Give every line of the material back exactly, images removed.

Given entries
------------------------------

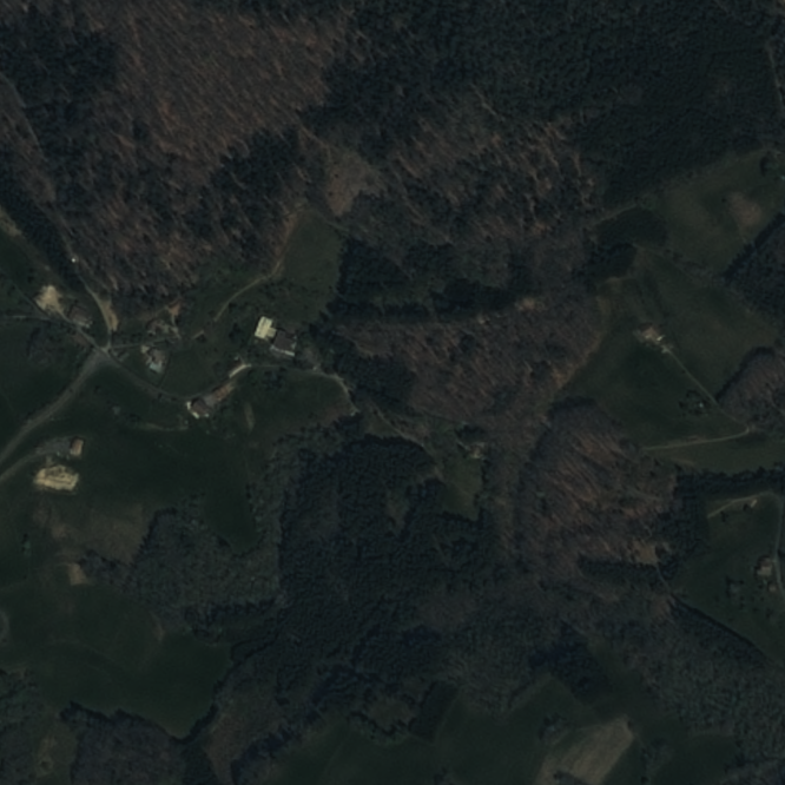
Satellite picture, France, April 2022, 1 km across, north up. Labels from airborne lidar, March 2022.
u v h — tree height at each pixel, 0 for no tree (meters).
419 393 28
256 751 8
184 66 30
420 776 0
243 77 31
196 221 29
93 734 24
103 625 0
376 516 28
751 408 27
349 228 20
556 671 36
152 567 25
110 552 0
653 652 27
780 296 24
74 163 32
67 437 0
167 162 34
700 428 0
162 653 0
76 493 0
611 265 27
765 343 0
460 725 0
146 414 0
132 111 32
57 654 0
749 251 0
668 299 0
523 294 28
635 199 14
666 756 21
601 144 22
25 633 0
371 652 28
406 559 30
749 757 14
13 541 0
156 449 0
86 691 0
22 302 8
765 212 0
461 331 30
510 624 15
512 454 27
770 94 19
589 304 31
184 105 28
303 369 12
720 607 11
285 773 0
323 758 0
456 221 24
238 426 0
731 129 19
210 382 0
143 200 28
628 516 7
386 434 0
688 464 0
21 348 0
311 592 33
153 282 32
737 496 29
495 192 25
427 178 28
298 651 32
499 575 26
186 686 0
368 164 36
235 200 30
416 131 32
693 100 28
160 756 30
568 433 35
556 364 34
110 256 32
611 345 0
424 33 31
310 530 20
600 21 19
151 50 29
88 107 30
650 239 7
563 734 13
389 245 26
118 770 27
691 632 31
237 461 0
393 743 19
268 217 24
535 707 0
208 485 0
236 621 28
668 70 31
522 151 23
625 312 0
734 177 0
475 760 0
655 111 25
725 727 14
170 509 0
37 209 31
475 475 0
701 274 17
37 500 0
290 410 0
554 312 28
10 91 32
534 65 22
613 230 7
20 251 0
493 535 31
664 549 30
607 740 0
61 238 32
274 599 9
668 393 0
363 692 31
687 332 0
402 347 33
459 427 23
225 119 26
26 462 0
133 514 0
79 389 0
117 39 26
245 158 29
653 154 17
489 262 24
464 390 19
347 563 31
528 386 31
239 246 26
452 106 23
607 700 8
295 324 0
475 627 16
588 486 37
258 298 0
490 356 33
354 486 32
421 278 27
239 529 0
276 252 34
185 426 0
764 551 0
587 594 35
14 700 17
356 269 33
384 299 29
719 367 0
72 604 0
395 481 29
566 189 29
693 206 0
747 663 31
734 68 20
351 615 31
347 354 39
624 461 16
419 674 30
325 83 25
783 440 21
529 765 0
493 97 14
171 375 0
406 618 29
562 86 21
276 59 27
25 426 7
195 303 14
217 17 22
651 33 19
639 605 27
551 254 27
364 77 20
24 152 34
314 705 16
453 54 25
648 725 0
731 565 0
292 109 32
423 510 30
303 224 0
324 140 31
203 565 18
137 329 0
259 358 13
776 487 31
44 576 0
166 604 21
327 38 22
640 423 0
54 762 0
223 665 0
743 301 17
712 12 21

------------------------------

Answer to the exercise
Satellite picture, France, April 2022, 1 km across, north up. Labels from airborne lidar, March 2022.
u v h — tree height at each pixel, 0 for no tree (meters).
419 393 28
256 751 8
184 66 30
420 776 0
243 77 31
196 221 29
93 734 24
103 625 0
376 516 28
751 408 27
349 228 20
556 671 36
152 567 25
110 552 0
653 652 27
780 296 24
74 163 32
67 437 0
167 162 34
700 428 0
162 653 0
76 493 0
611 265 27
765 343 0
460 725 0
146 414 0
132 111 32
57 654 0
749 251 0
668 299 0
523 294 28
635 199 14
666 756 21
601 144 22
25 633 0
371 652 28
406 559 30
749 757 14
13 541 0
156 449 0
86 691 0
22 302 8
765 212 0
461 331 30
510 624 15
512 454 27
770 94 19
589 304 31
184 105 28
303 369 12
720 607 11
285 773 0
323 758 0
456 221 24
238 426 0
731 129 19
210 382 0
143 200 28
628 516 7
386 434 0
688 464 0
21 348 0
311 592 33
153 282 32
737 496 29
495 192 25
427 178 28
298 651 32
499 575 26
186 686 0
368 164 36
235 200 30
416 131 32
693 100 28
160 756 30
568 433 35
556 364 34
110 256 32
611 345 0
424 33 31
310 530 20
600 21 19
151 50 29
88 107 30
650 239 7
563 734 13
389 245 26
118 770 27
691 632 31
237 461 0
393 743 19
268 217 24
535 707 0
208 485 0
236 621 28
668 70 31
522 151 23
625 312 0
734 177 0
475 760 0
655 111 25
725 727 14
170 509 0
37 209 31
475 475 0
701 274 17
37 500 0
290 410 0
554 312 28
10 91 32
534 65 22
613 230 7
20 251 0
493 535 31
664 549 30
607 740 0
61 238 32
274 599 9
668 393 0
363 692 31
687 332 0
402 347 33
459 427 23
225 119 26
26 462 0
133 514 0
79 389 0
117 39 26
245 158 29
653 154 17
489 262 24
464 390 19
347 563 31
528 386 31
239 246 26
452 106 23
607 700 8
295 324 0
475 627 16
588 486 37
258 298 0
490 356 33
354 486 32
421 278 27
239 529 0
276 252 34
185 426 0
764 551 0
587 594 35
14 700 17
356 269 33
384 299 29
719 367 0
72 604 0
395 481 29
566 189 29
693 206 0
747 663 31
734 68 20
351 615 31
347 354 39
624 461 16
419 674 30
325 83 25
783 440 21
529 765 0
493 97 14
171 375 0
406 618 29
562 86 21
276 59 27
25 426 7
195 303 14
217 17 22
651 33 19
639 605 27
551 254 27
364 77 20
24 152 34
314 705 16
453 54 25
648 725 0
731 565 0
292 109 32
423 510 30
303 224 0
324 140 31
203 565 18
137 329 0
259 358 13
776 487 31
44 576 0
166 604 21
327 38 22
640 423 0
54 762 0
223 665 0
743 301 17
712 12 21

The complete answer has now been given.